Cousin maladroit aux pattes démesurées, son pépin transparent lui tenait lieu d’ailes. Il sautillait entre les flaques, amusé de ces nuages lourds qui soudain s’attribuaient le territoire.

Oui toi oui toi, c’est aujourd’hui ton bain! lui souffla la sauvage.

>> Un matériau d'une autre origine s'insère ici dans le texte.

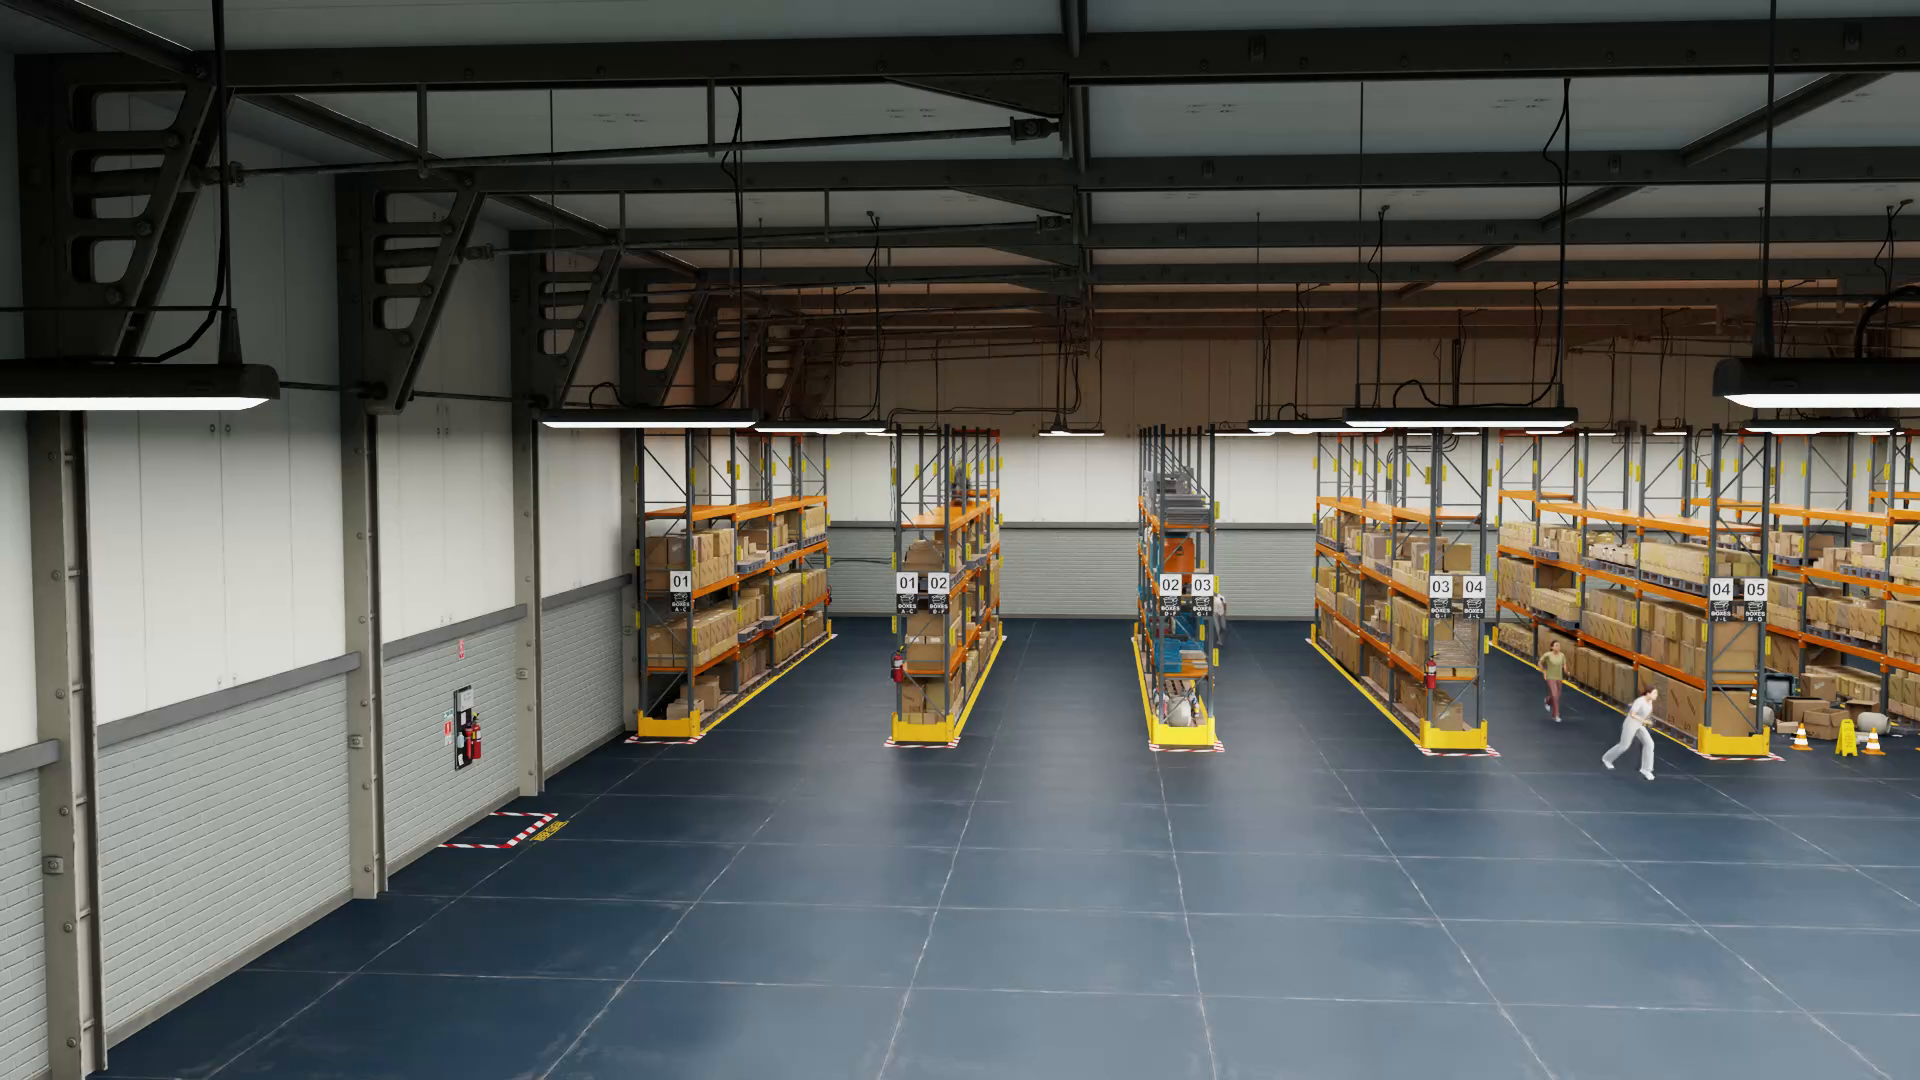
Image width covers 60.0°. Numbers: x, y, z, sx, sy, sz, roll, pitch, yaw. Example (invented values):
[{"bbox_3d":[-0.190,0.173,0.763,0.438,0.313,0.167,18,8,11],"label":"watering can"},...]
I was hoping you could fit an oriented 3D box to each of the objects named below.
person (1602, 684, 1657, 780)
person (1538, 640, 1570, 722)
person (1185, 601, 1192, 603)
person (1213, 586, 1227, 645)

Et, s’emparant du pauvre pékin et de la ville trop chaude déversa, mère exigeante, ses torrents d’eau sur ses narcissiques enfants.

 

« bidule ! »

4 Sep

« bidule ! »
Il l’avait crié du fond du couloir qui menait aux toilettes.
Hagards, les trois costumés s’étaient retournés, rouge, honteux. Pas devant eux, non, pas devant.
Il devenait si doux, si complice l’Homme quand il me l’accordait, ce surnom. Le soir, en tête-à-tête. C’était si bon ces nuits ensemble qui n’en finissaient pas, où l’on se tordait, excités, fatigués… Cette union avec un si brillant –et si riche ! – cerveau… Ces chiffres et ces mots qui glissaient en boucle le long de nos nerfs affleurés, ses soupirs, mes pleurs, nos sueurs qui se mêlaient dans ce bureau moelleux aux relents de take always… Cette fatigue qui me prenait, m’emportait, avec ses yeux papillons collés à mon écran, et ce paternel « bidule, t’es un brave, rentre te coucher, il est cinq heures, je relie l’ensemble et j’envoie ça », que le senior partner m’adressait, la main posée sur mon épaule froissée, « c’est bien, mon grand, ton stage finit quand ? on te prendra en junior, tu verras»

Le costard bien taillé

30 Mai

Les yeux en boule rouge et noir il n’en croit rien de ce reflet,
ce visage froissé de nuits perdues dans un repli de canapé.
Le noie de gomina, l’embaume et le met en bière dans son gris trop repassé
Il fait sautiller son pli amer qui montre les dents trop usées,
l’avancement c’est du passé
Il se ficèle d’une cravate comme on va à l’échafaud
On est de réunion, il y aura du public
les scribouilleurs ont remplacé les tricoteuses

Un homme à ronger

15 Avr

Il claqua la porte de son bureau, à double tour il osait
Il lui fallait un fémur, une fêlure
un plus petit, un plus faible.
Un homme à lécher d’une petite musique d’acier d’une fine langue acérée.
Un crochet du venin droit.
Un homme à ranger aux tréfonds d’un placard, ça l’enivrait.
Plus qu’une pichenette et il sombrerait.
Il se ressaisit, leva le pouce d’un sourire indulgent et le dessaisît du travail.
Dehors, homme nu !
Il laisserait aux autres le soin du dernier geste. Il n’était pas Dieu après tout, et ici pas de paradis.